We have to find the value of 1/(tan a + i) +1/(tan a - i)+1/(cot a + i)  + 1/(cot a - i)

1/(tan a + i) +1/(tan a - i)+1/(cot a + i)  + 1/(cot a - i)

=> 1/(tan a + i) +1/(tan a - i)+1/((1/ tan a) + i)  + 1/(1/ tan a) - i)

=> 1/(tan a + i) +1/(tan a - i)+tan a/(1 + i*tan a) + tan a/(1 - i*tan a)

=> 1/(tan a + i) + tan a/(1 - i*tan a) + 1/(tan a - i) + tan a/(1 + i*tan a)

=> 1/(tan a + i) + i*tan a/(i + tan a) + 1/(tan a - i) - i*tan a/(tan a - i)

=> (1 + i*tan a)/(tan a + i) + (1 - i*tan a)/(tan a - i)

=> [(1 + i*tan a)(tan a - i) + (1 - i*tan a)(tan a + i)]/(tan a - i)(tan a + i)

=> [tan a - i + i*(tan a)^2 - i^2*tan a + tan a + i - i*(tan a)^2 - i^2*tan a]/((tan a)^2 - i^2)

=> [tan a + tan a + tan a + tan a]/((tan a)^2 + 1)

=> (4*tan a)/(1 + (sin a)^2/(cos a)^2)

=> 4*(sin a/cos a)*(cos a)^2/((cos a)^2 + (sin a)^2)

=> 4*sin a* cos a

=> 2* sin 2a

The value of the expression is 2* sin 2a

giorgiana1976 | College Teacher | (Level 3) Valedictorian

Posted on

We'll add the first 2 fractions:

1/(tana+i)+1/(tana-i) = (tan a - i + tan a + i)/(tana+i)*(tana-i)

We'll combine and eliminate like terms:

1/(tana+i)+1/(tana-i) = 2*tan a/[(tan a)^2 - i^2]

i^2 = -1

1/(tana+i)+1/(tana-i) = 2*tan a/[(tan a)^2 + 1] (1)

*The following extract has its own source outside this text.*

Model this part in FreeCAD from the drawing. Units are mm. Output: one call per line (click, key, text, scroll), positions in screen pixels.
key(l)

We'll add the next 2 fractions:

1/(cota+i)+1/(cota-i) = (cot a - i + cot a + i)/(cota+i)*(cota-i)

We'll combine and eliminate like terms:

1/(cota+i)+1/(cota-i) = 2*cot a/[(cot a)^2 + 1] (2)

We'll add (1) + (2):

E = 2*tan a/[(tan a)^2 + 1] + 2*cot a/[(cot a)^2 + 1]

E = [2*tan a/(tan a)^2 + 2*tan a + 2*cot a + 2*(tan a)^2/tan a]/[(tan a)^2 + 1]*[(cot a)^2 + 1]

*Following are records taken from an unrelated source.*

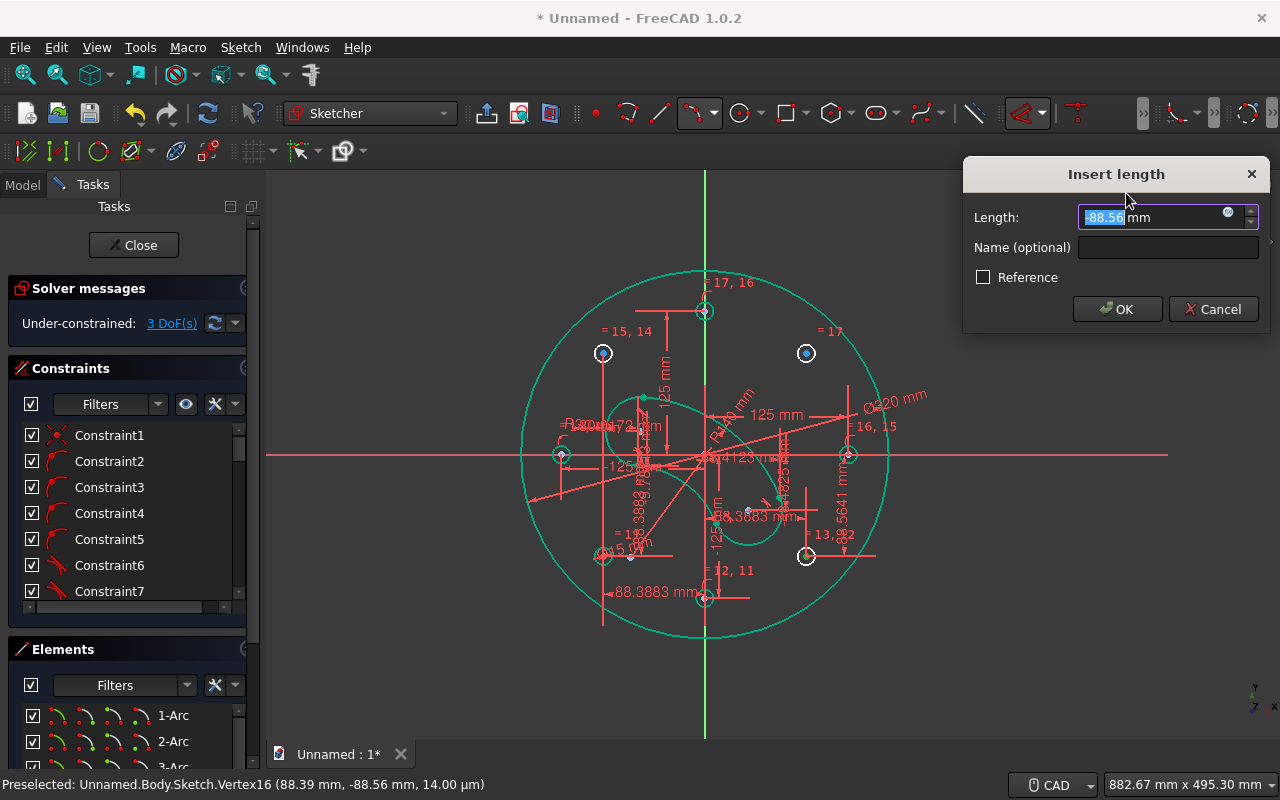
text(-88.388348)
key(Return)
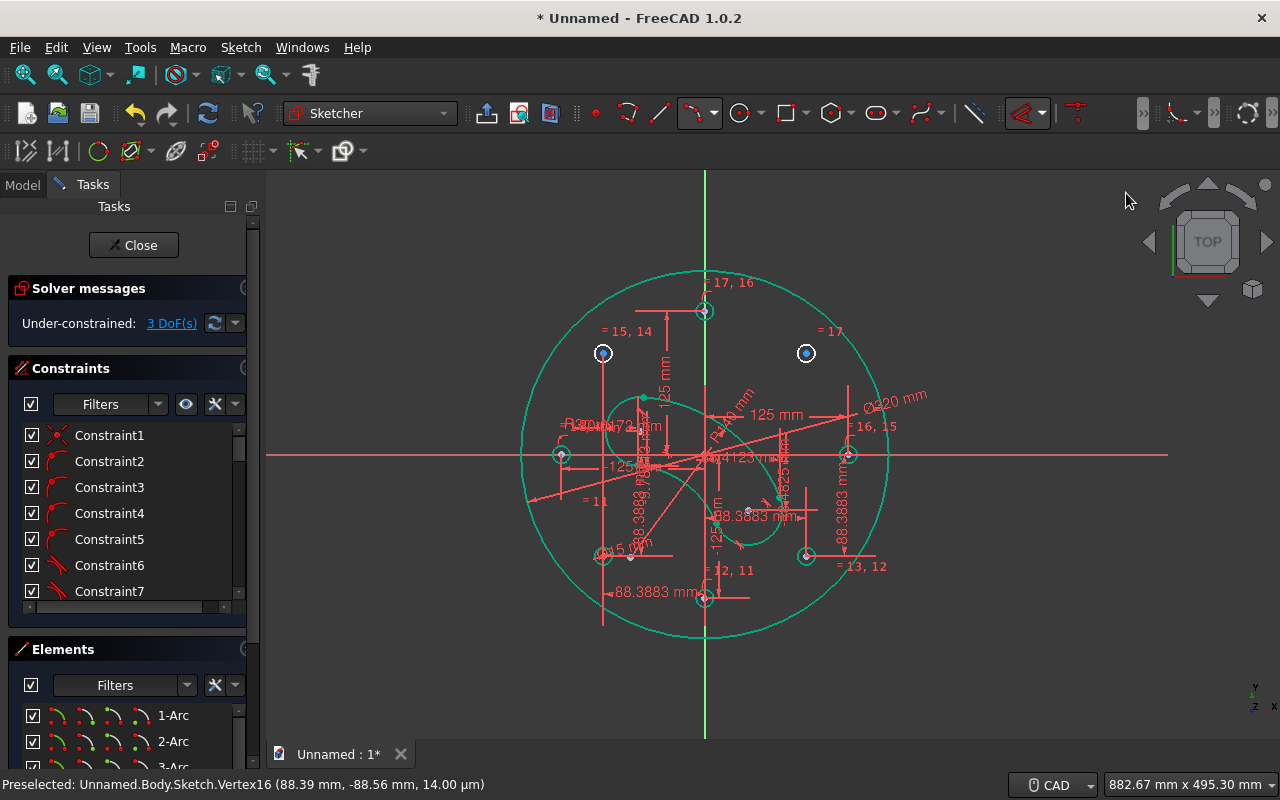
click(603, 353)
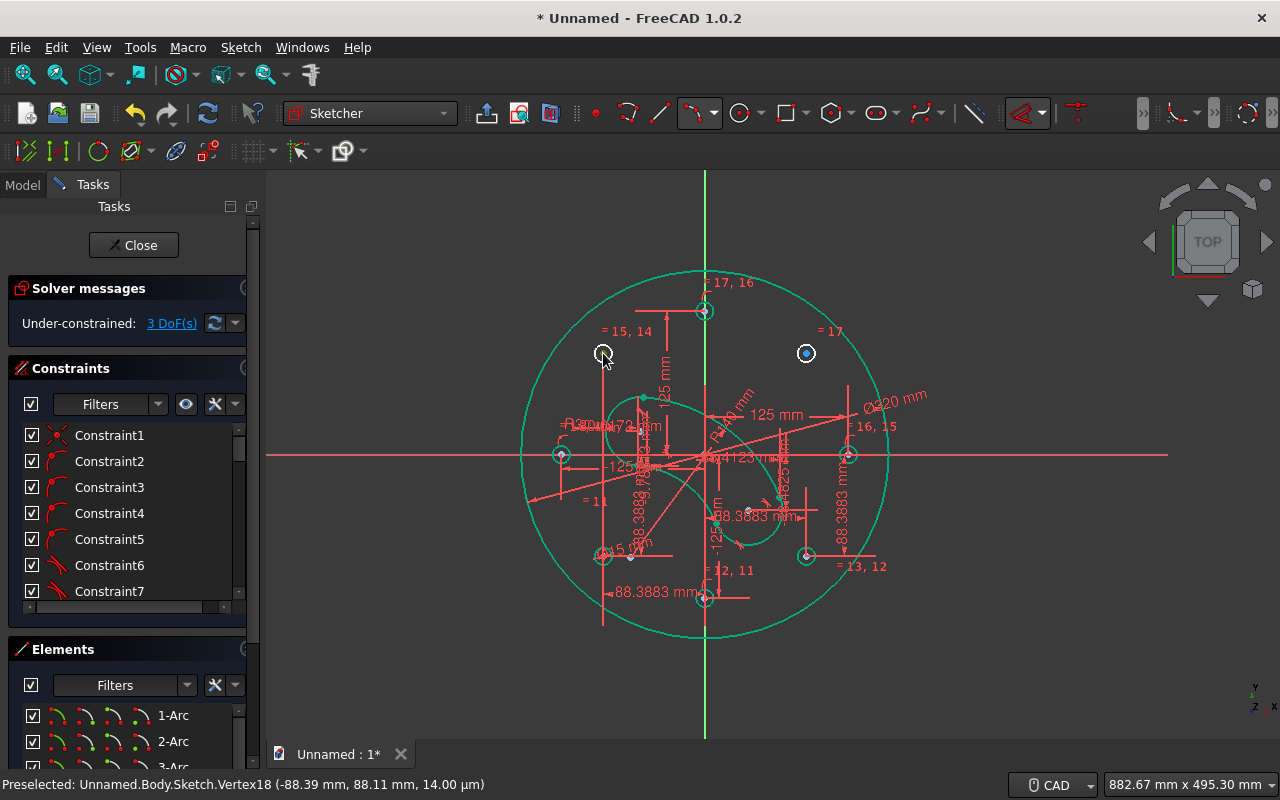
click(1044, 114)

E = (2/tan a + 2*tan a + 2/tan a + 2*tan a)/[(tan a)^2 + 1]*[(cot a)^2 + 1]

E = (4/tan a + 4*tan a)/[(tan a)^2 + 1]*[(cot a)^2 + 1]

E = [4 + 4*(tan a)^2]/tan a*[(tan a)^2 + 1]*[(cot a)^2 + 1]

E = 4*[1 + (tan a)^2]/tan a*[(tan a)^2 + 1]*[(cot a)^2 + 1]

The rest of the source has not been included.